Çocuğunuz başarılı ve her yıl karne getiren biri olarak, zayıfı olmasa bile, geçmişe göre biraz daha düşük notlardan oluşan bir karne getirmiş olabilir. Böyle bir durumdaki öğrenci de hassastır. Ona bu durumda geçmişiyle karşılaştırma yaparak olumsuz mesajlar vermeyin. “Başarısını, şaşırmadan soru sormadan tebrik edin. Bu geriye gidişin nedenini öğrenmeyi daha sonraki uygun bir zamana bırakın.
Bir çok öğrenci başarısız karneden ve anne-babanın buna tepkisinden değil asıl çevresindeki, anlayışsız, acımasız, hoşgörüsüz, yargılayıcı, aşağılayıcı kimselerden göreceği davranışlardan korkmaktadır. Çocuklarınızı çevrenizdeki başka çocuklarla karşılaştıran rekabetçi, acımasızca eleştiren kimselerden çocukların başarısızlarının uzun uzun dillendirildiği ortamlardan uzak tutun. Böyle durumlarla karşılaşıldığında çocuğa destek olunmalıdır.
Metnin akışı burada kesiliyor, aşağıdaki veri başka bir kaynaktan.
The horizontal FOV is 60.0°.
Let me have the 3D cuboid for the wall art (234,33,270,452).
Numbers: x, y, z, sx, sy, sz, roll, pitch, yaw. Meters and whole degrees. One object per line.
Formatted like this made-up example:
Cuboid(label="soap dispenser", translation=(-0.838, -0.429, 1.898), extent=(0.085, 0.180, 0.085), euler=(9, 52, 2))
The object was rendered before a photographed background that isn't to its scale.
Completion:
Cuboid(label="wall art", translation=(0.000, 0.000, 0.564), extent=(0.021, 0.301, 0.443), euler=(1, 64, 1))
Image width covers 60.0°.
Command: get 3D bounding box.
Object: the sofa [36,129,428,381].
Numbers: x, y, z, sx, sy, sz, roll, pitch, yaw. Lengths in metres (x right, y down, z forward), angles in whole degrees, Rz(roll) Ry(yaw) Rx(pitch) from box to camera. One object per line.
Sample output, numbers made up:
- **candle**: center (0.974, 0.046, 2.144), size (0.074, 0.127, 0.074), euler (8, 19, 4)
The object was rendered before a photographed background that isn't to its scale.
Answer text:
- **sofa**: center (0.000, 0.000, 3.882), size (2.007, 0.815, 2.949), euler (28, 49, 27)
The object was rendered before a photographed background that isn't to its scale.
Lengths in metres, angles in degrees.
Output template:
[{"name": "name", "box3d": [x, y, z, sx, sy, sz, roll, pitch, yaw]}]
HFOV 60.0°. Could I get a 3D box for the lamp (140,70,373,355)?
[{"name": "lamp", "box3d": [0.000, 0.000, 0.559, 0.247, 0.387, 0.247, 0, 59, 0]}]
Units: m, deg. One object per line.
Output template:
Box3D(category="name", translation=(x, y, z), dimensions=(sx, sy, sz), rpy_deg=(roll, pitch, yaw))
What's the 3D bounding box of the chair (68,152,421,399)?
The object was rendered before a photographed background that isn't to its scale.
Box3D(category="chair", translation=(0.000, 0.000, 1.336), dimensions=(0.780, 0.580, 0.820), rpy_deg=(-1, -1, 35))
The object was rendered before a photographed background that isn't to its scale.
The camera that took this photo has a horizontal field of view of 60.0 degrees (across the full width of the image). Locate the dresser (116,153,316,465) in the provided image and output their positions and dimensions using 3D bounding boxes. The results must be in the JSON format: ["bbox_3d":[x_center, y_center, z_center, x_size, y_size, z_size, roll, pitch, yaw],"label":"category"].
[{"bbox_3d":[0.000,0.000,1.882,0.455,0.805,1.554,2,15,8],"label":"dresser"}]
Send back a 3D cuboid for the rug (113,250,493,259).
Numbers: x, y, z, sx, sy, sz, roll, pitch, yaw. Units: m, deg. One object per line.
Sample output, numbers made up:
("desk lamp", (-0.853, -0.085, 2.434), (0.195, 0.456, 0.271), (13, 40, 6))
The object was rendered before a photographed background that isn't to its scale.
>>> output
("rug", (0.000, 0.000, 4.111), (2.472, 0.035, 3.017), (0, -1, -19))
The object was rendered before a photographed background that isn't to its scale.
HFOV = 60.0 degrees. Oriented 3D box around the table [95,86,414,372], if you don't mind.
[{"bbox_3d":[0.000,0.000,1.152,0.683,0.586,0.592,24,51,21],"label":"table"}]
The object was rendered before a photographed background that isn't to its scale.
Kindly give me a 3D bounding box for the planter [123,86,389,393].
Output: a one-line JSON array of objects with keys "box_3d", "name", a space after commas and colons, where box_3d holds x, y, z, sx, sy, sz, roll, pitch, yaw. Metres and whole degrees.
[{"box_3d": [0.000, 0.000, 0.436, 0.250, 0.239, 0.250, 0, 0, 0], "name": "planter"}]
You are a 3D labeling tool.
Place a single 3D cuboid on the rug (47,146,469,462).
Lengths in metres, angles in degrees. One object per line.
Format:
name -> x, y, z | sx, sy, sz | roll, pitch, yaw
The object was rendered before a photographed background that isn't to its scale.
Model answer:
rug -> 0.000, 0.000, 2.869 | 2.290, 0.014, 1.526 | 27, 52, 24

Aksi durumda çocuğunuzda güvensizlik, suçluluk, yetersizlik duygusu pekişecektir.
HERKESE SON SÖZ:
Karne çocuklar arasındaki ayrımcılığa, başarısızı cezalandırmaya değil, hayat başarısının okul başarısıyla sınırlı olmadığının; çocuğun zekanın yanı sıra duygusu, hayali, arzusu kısaca ruhu olan sosyal bir varlık olduğunun; başarısız bir karnenin (bazen başarılı karne için de) çocuğun içinde bulunduğu bir olumsuz işleyişin belirtisi olabileceğinden anlaşılmasına aracılık etmeli, bu sayede öğretmen-anne-baba ve rehber öğretmen arasındaki işbirliği pekişmelidir.